— На собрании НСО я отвел кандидатуру Палавина. Я сказал, что его моральный облик не позволяет ему представлять наш коллектив. Теперь я должен эти слова доказать. — Вадим с удивлением прислушивался к собственному голосу, который казался ему неузнаваемо громким и торжественным. Сделав паузу, он заговорил тише: — Я буду говорить сегодня не о каком-то поступке Палавина, а обо всем его поведении. Мы с Палавиным, как говорится, «друзья детства». Поэтому я, вероятно, знаю его лучше, чем кто-либо.

И я должен сказать, что и в личной и в общественной жизни Палавин ведет себя не так, как полагается комсомольцу. Факты? — спросил Вадим, повысив голос.

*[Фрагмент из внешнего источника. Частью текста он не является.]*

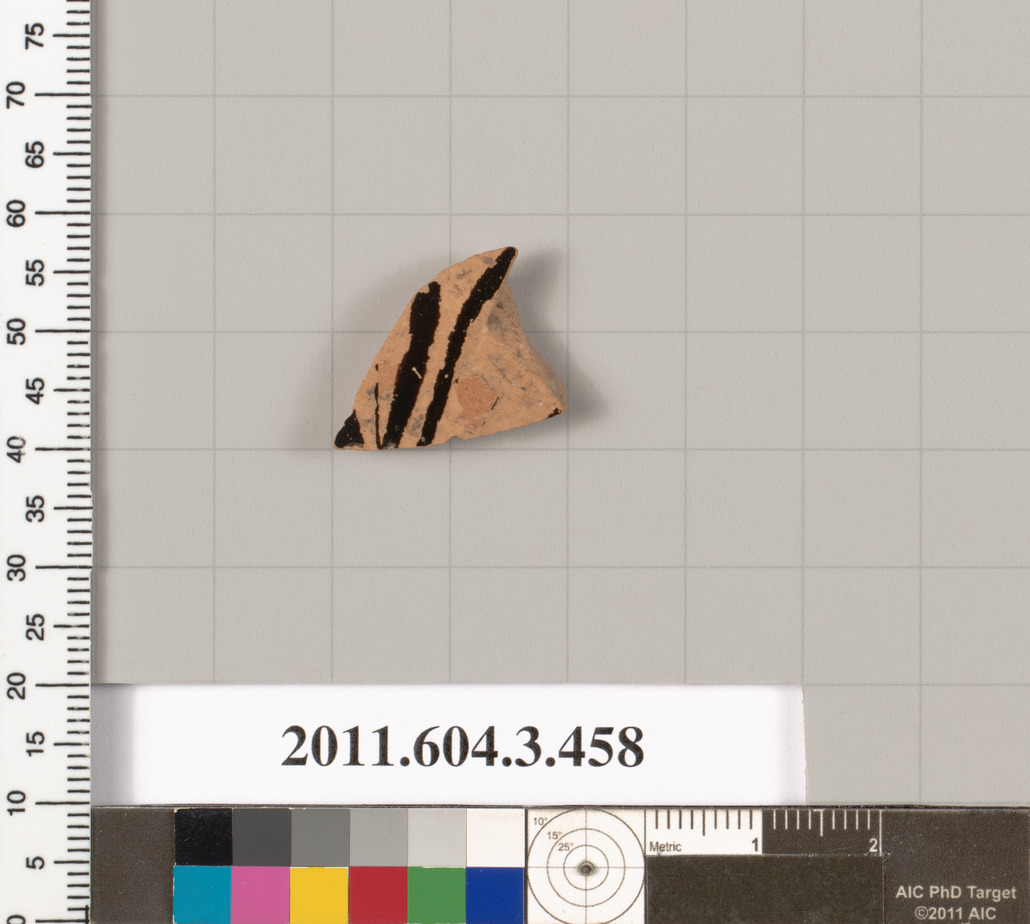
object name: neck amphora fragment
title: Terracotta fragment of a neck-amphora (jar)
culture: greek, attic
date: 490-480 BCE
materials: terracotta

Он не мог оторвать взгляда от Палавина, смотрел, нагнув голову, прямо ему в глаза. — Ну вот, грубо: на комсомольском собрании, когда обсуждалось дело Лагоденко, Палавин усердно защищал Козельского, хотя большинство собрания критиковало профессора. Почему защищал? Потому, может быть, что был принципиально не согласен с критиковавшими? Нет, не потому. Он часто и со мной и с другими говорил о Козельском то же самое, даже более резко, всячески его высмеивал. Но в тот момент ему нужна была поддержка Козельского в НСО, где он готовился читать реферат. И Палавин действительно сумел «подружиться» с Козельским, но дружба эта продолжалась недолго. Как только Палавин почувствовал, что дела у Козельского плохи и никакой пользы от него больше не получишь, а скорее неприятности наживешь, — тут он сразу захотел быть в первых рядах разоблачителей Козельского, рвался выступать на учсовете и так далее. Мне кажется, такое поведение называется своекорыстным, неблагородным.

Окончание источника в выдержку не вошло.